→ Your assignment
Return every line in the entries below where the word "Pennsylvania" shows up.

→ Stored data
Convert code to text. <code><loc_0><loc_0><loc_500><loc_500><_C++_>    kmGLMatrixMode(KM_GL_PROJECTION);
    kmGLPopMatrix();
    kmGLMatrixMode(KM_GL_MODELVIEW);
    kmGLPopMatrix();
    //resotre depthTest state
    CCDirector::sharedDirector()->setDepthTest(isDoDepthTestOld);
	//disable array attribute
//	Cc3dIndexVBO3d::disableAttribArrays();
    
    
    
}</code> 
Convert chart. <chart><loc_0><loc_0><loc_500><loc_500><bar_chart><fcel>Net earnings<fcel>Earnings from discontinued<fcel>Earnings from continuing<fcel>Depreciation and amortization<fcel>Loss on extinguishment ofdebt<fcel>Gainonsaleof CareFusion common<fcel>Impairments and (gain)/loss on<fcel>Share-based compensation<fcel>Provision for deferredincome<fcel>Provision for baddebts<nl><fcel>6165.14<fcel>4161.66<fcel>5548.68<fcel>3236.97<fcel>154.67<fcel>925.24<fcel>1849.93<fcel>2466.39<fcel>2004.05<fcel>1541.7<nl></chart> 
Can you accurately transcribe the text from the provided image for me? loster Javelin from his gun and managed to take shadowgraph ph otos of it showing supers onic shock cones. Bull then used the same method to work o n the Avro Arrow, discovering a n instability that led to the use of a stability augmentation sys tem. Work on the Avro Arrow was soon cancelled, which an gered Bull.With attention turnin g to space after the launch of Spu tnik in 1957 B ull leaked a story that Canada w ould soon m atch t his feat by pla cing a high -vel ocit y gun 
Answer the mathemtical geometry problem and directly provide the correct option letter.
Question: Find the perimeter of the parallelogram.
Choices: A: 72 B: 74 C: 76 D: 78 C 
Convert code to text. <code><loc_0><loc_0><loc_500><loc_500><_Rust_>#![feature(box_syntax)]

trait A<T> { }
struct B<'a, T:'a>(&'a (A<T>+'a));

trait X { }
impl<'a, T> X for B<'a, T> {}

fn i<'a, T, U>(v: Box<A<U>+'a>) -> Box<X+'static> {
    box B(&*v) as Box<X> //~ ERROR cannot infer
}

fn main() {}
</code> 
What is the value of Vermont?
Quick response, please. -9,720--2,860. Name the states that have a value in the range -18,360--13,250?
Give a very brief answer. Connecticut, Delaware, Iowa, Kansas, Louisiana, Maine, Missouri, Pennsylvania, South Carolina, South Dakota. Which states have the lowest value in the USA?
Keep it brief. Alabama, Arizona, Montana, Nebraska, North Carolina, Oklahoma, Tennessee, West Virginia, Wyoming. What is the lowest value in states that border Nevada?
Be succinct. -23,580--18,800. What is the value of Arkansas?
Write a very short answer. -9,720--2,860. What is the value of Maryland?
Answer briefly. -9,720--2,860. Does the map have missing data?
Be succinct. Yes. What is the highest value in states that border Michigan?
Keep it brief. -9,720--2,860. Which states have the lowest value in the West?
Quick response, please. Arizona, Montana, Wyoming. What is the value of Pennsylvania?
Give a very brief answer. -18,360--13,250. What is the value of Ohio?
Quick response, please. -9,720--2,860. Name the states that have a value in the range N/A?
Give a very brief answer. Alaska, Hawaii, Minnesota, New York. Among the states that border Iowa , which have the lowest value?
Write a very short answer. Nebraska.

...

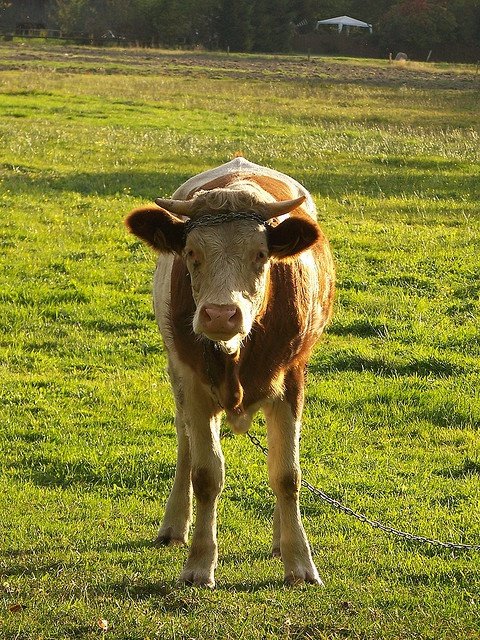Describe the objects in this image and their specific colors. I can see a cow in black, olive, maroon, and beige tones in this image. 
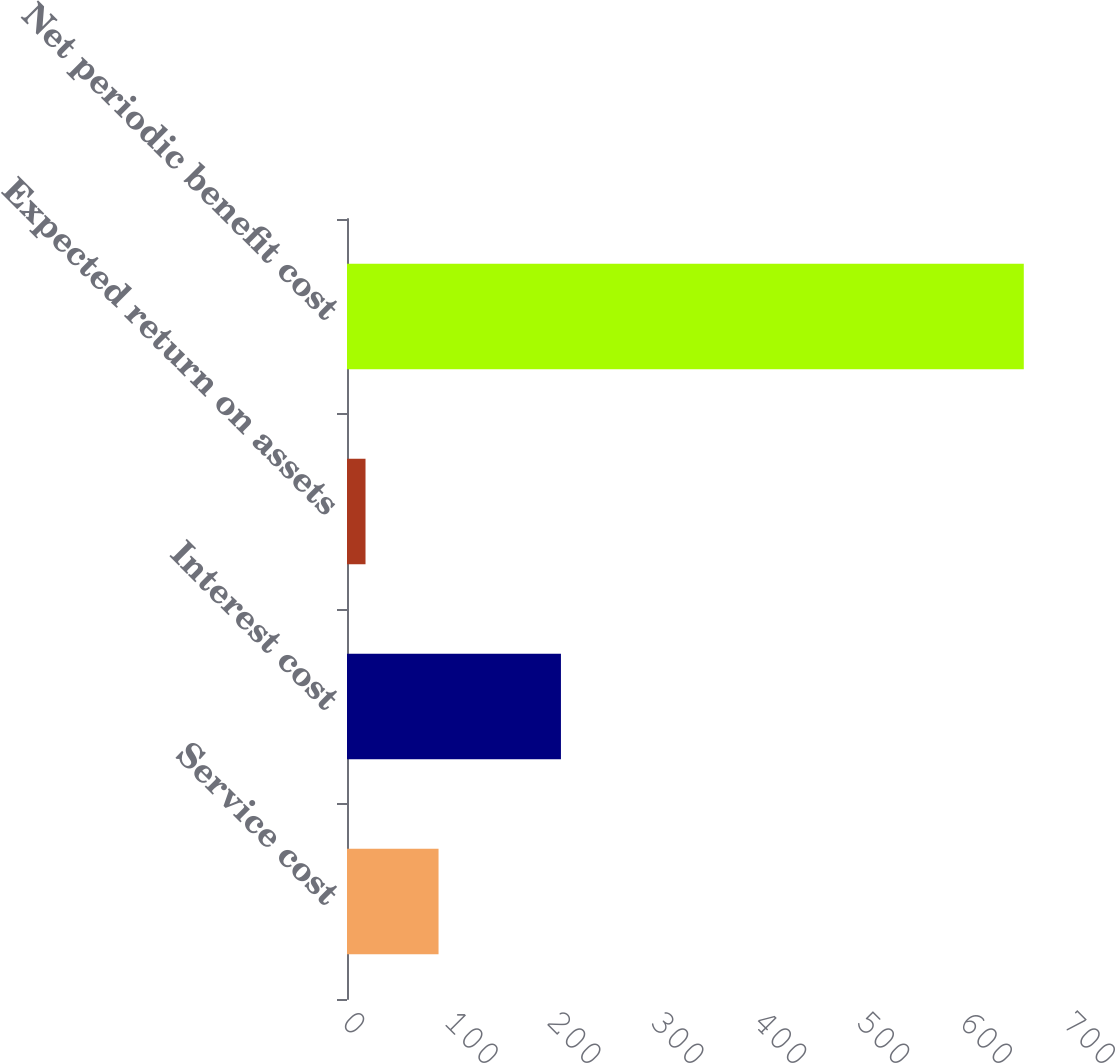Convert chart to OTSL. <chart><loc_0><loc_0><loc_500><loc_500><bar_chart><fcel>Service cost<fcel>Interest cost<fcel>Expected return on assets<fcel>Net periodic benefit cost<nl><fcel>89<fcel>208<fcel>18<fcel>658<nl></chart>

→ Result for this task
Give a very brief answer. Connecticut, Delaware, Iowa, Kansas, Louisiana, Maine, Missouri, Pennsylvania, South Carolina, South Dakota. Which states have the lowest value in the USA?
Quick response, please. Arizona, Montana, Wyoming. What is the value of Pennsylvania?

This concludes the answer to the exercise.